Primary lens fibers, derived from the posterior cells of the lens vesicle during embryonic development, reach the center of the lens and form the embryonic nucleus, while secondary fibers formed during fetal life become the fetal nucleus. Junctions at the ends of lens fibers at the anterior and posterior of the lens are known as lens sutures. The suture anterior to the fetal nucleus is an upright Y and the posterior one is an inverted Y. As the lens grows and the fibers elongate, more complex lens sutures are formed, such as stellate-shaped sutures. In addition to the embryonic and fetal nuclei, the adult lens also has some other layers with different densities. These include, from inner to outer layers, the infantile nucleus consisting of lens fibers formed 1 month before birth until puberty, the adult nucleus consisting of fibers formed after puberty until adulthood, as well as the lens cortex consisting of superficial lens fibers after adulthood. As the lens epithelium continues to differentiate into lens fiber cells, the thickness of the lens cortex increases with age, while the thickness of the nucleus remains constant or even decreases. The density of the lens nucleus increases with age, adding a yellow or brown tint to the nucleus, and radial or gravel-like relief textures appear on the surface of the adult nucleus. With time, the rigidity of the nucleus progressively increases, the elasticity decreases, and its accommodative power reduces, resulting in presbyopia.
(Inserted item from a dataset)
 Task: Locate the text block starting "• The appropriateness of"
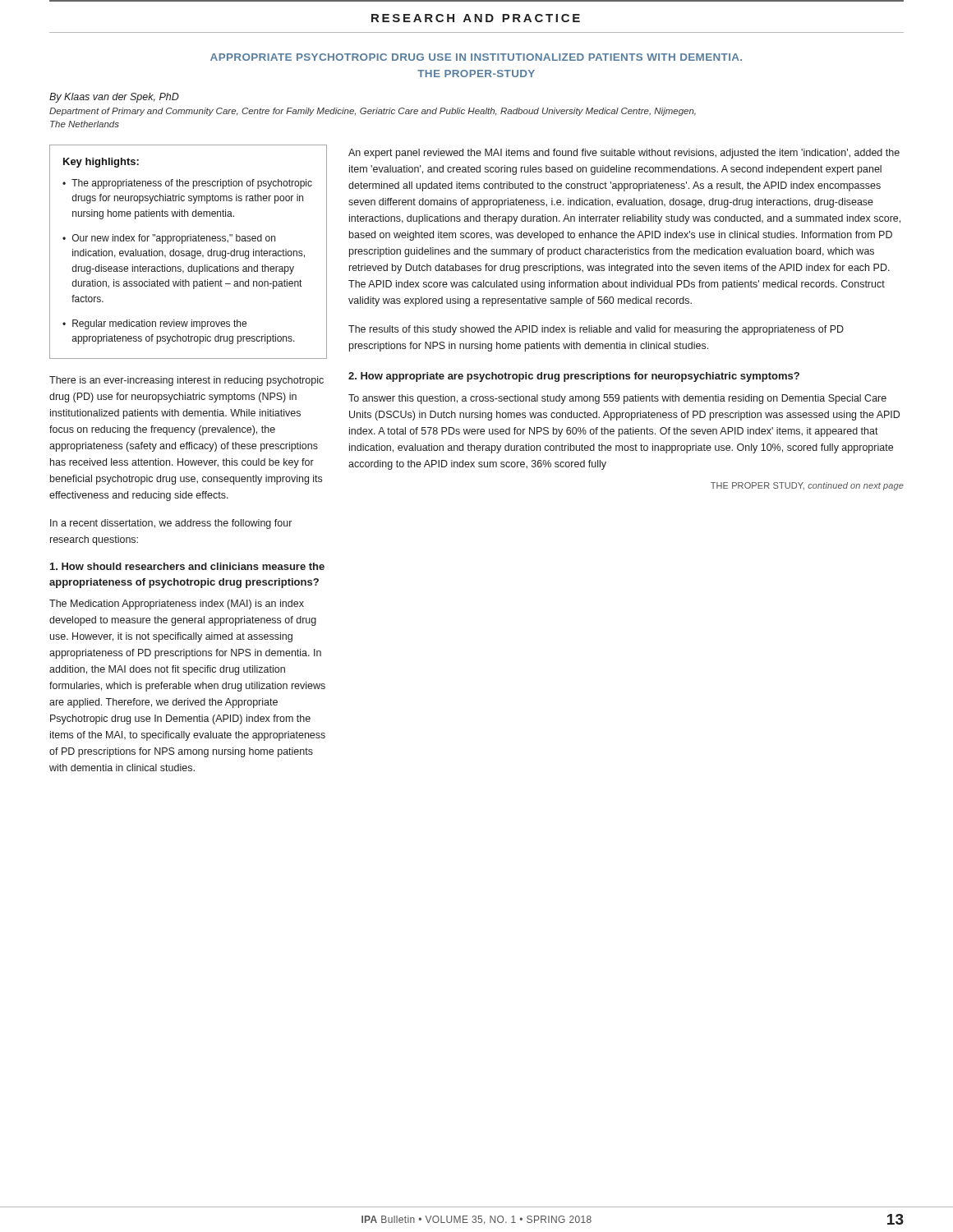tap(188, 199)

The zonules, also referred to as the suspensory ligaments of the lens, arise from the pars plana of the ciliary body near ora serrata. The zonules insert at the lens capsule around the equator, cross-linking with the capsular tissue in the outer zonular layer to maintain a firm attachment. The major role of the zonules is to hold the lens in its anatomic position and enable the lens to change its shape by transmitting the tension from the ciliary body onto the lens capsule during accommodation. In newborns, the fibers of zonules are relatively dense, but the amount of fibers decreases gradually with increasing age [20]. It is shown that the zonules are composed of a myriad of fibril bundles, with the pre- and post-equatorial bundles being thicker than the equatorial bundles [21]. Each fibril bundle, about 0.35–1.0 μm in diameter, consists of multiple microfilaments, which are 8–12 nm in diameter. Unlike the lens capsule that is made up of collagen, these microfilaments are mainly composed of fibrillin [20, 21]. Fibrillin is widely found in blood vessels and various types of connective tissue. It has been reported that fibrillin gene mutations can cause weakening of zonular fibers and subsequent subluxation or complete dislocation of the lens in Marfan’s syndrome [20, 21]. Some researchers further divide the zonular fibers into major fibers and accessory fibers. Fibers running from the ciliary body to the lens are major fibers, while those short fibers running perpendicularly to the major fibers in order to support and strengthen the principal fibers are accessory fibers. Once damaged, the zonular fibers cannot be regenerated [22].